SELECT posts.*, users.name
FROM posts
JOIN users ON posts.user_id = users.id
WHERE posts.status = 'published'
  AND posts.created_at > '2024-01-01'
ORDER BY posts.created_at DESC
LIMIT 20;

-- Execution time: 2.3 seconds
-- Full table scan on posts (5 million rows)

After Indexing

-- Create composite index
CREATE INDEX idx_status_date ON posts(status, created_at);

-- Ensure foreign key is indexed
CREATE INDEX idx_user_id ON posts(user_id);

-- Same query now:
-- Execution time: 0.018 seconds (127x faster!)
-- Uses idx_status_date, scans only ~1000 rows

Common Mistakes

❌ Too Many Indexes

-- Bad: Redundant indexes
CREATE INDEX idx_email ON users(email);
CREATE INDEX idx_email_name ON users(email, name);
-- The second index can handle email-only queries too!
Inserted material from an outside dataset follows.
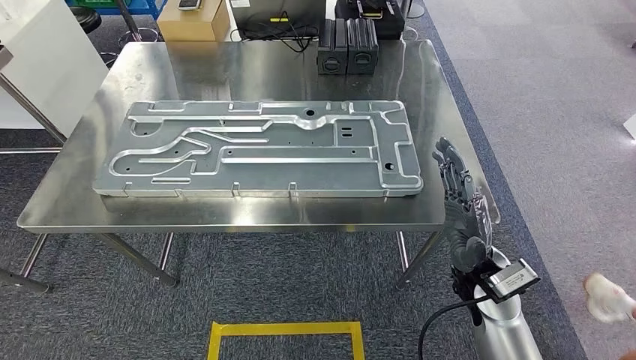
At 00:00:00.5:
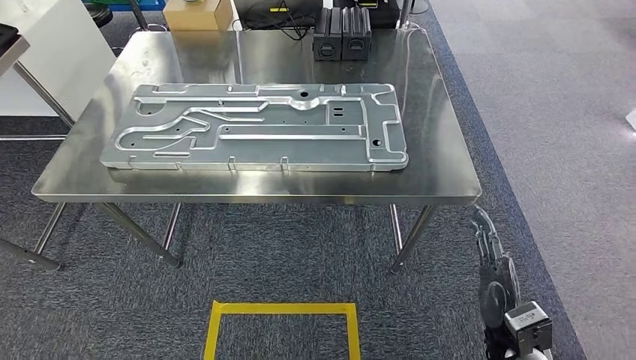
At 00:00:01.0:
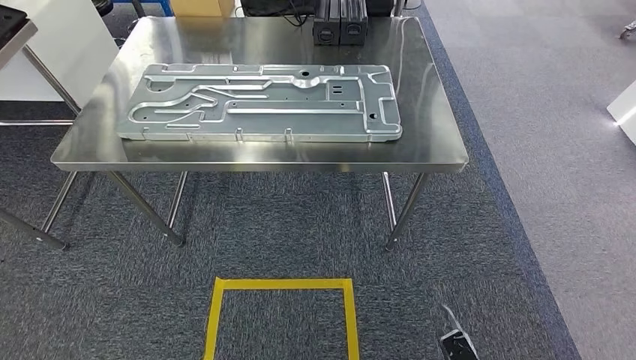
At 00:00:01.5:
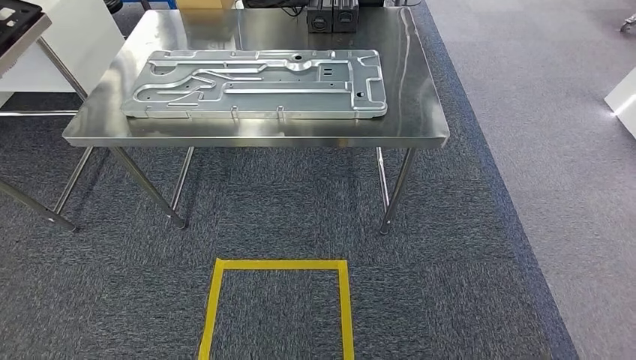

Impact: Slower INSERT/UPDATE/DELETE operations

❌ Indexing Low-Selectivity Columns

-- Bad: gender typically has only 2-3 values
CREATE INDEX idx_gender ON users(gender);

Rule: Only index columns with high cardinality (many unique values)

❌ Not Using LIMIT

-- Bad: Returns millions of rows
SELECT * FROM posts ORDER BY created_at DESC;

-- Good: Use LIMIT
SELECT * FROM posts ORDER BY created_at DESC LIMIT 20;

❌ Using Functions on Indexed Columns

-- Bad: Function on left side prevents index usage
SELECT * FROM users WHERE YEAR(created_at) = 2024;

-- Good: Rewrite to use index
SELECT * FROM users 
WHERE created_at >= '2024-01-01' 
  AND created_at < '2025-01-01';

Index Maintenance

Check Index Usage

-- MySQL 8.0+
SELECT * FROM sys.schema_unused_indexes;

Remove Unused Indexes

-- Drop index if not used
DROP INDEX idx_rarely_used ON users;

Rebuild Indexes

-- Rebuild table and indexes
OPTIMIZE TABLE users;

Advanced Techniques

Index Hints

Force MySQL to use specific index:

SELECT * FROM users USE INDEX (idx_email)
WHERE email = '[email protected]';

Invisible Indexes (MySQL 8.0+)

Test removing an index before actually dropping it:

ALTER TABLE users ALTER INDEX idx_name INVISIBLE;

-- Test queries...

-- If performance is fine, drop it
DROP INDEX idx_name ON users;

Prefix Indexes

For long VARCHAR columns:

-- Index only first 10 characters
CREATE INDEX idx_url ON pages(url(10));

Best Practices Checklist

  • ✅ Index foreign keys
  • ✅ Index WHERE clause columns
  • ✅ Index JOIN columns
  • ✅ Use composite indexes wisely (most selective first)
  • ✅ Consider covering indexes for frequent queries
  • ✅ Monitor index usage with EXPLAIN
  • ✅ Remove unused indexes
  • ❌ Don’t over-index (slows writes)
  • ❌ Don’t index low-cardinality columns
  • ❌ Don’t use functions on indexed columns

Performance Benchmarks

Real results from production database (5 million rows):

Query TypeWithout IndexWith IndexImprovement
WHERE email2.1s0.003s700x faster
JOIN users3.5s0.012s291x faster
ORDER BY date4.2s0.025s168x faster
Complex WHERE5.8s0.045s128x faster

Conclusion

Proper indexing is the single most effective way to improve database performance:

  1. Analyze slow queries with EXPLAIN
  2. Create targeted indexes for WHERE, JOIN, ORDER BY
  3. Use composite indexes with correct column order
  4. Remove unused indexes to speed up writes
  5. Monitor and maintain indexes regularly

With these strategies, you can achieve 10x-100x performance improvements on slow queries!